- Requirement -
Starting from the line with "I need a 3D", please copy exactly every line to the end of the listing, but not the pictures.

- Data extract -
-- Opening Marker --

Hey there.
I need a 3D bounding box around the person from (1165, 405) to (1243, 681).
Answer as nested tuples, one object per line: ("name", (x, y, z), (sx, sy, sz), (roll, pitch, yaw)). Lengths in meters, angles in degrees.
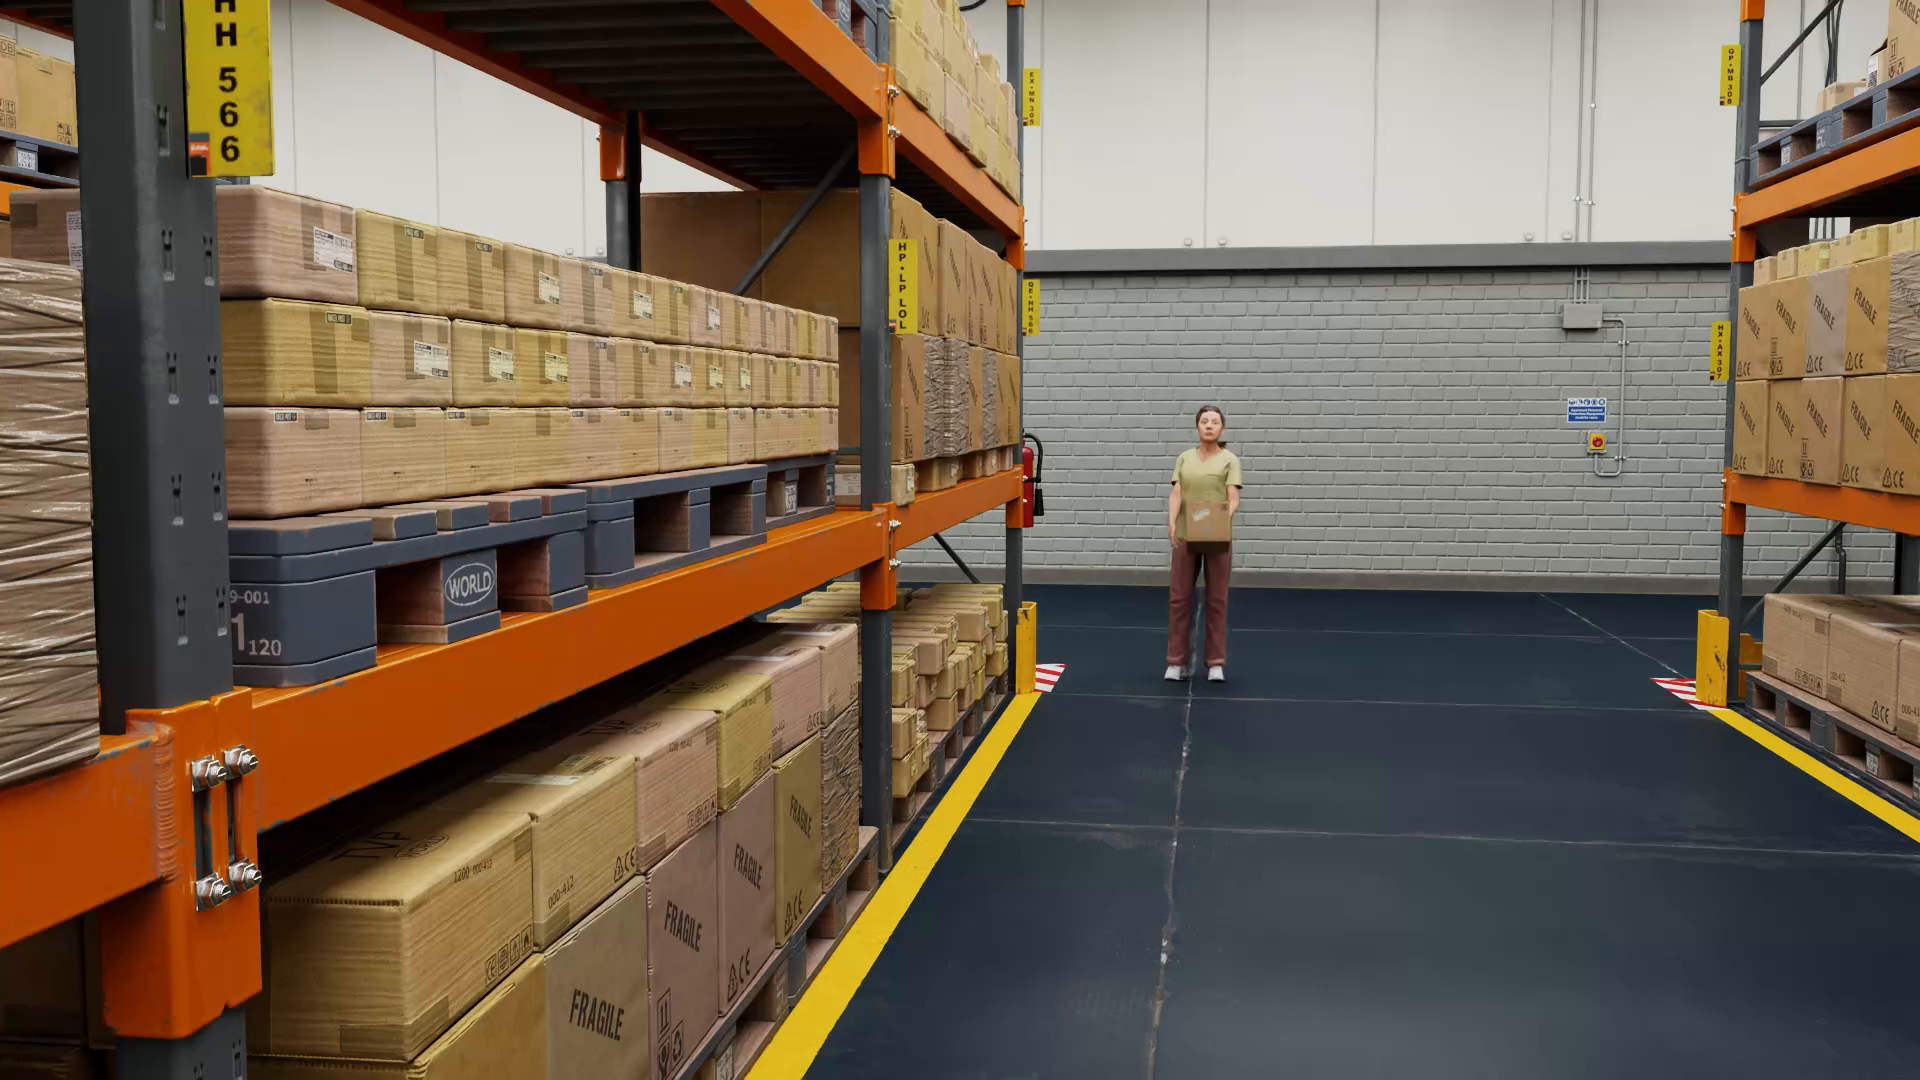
("person", (1.484, 0.018, 10.131), (0.447, 1.675, 0.529), (2, 5, 21))

-- Closing Marker --

- Solution below -
I need a 3D bounding box around the person from (1165, 405) to (1243, 681).
Answer as nested tuples, one object per line: ("name", (x, y, z), (sx, sy, sz), (roll, pitch, yaw)). Lengths in meters, angles in degrees.
("person", (1.484, 0.018, 10.131), (0.447, 1.675, 0.529), (2, 5, 21))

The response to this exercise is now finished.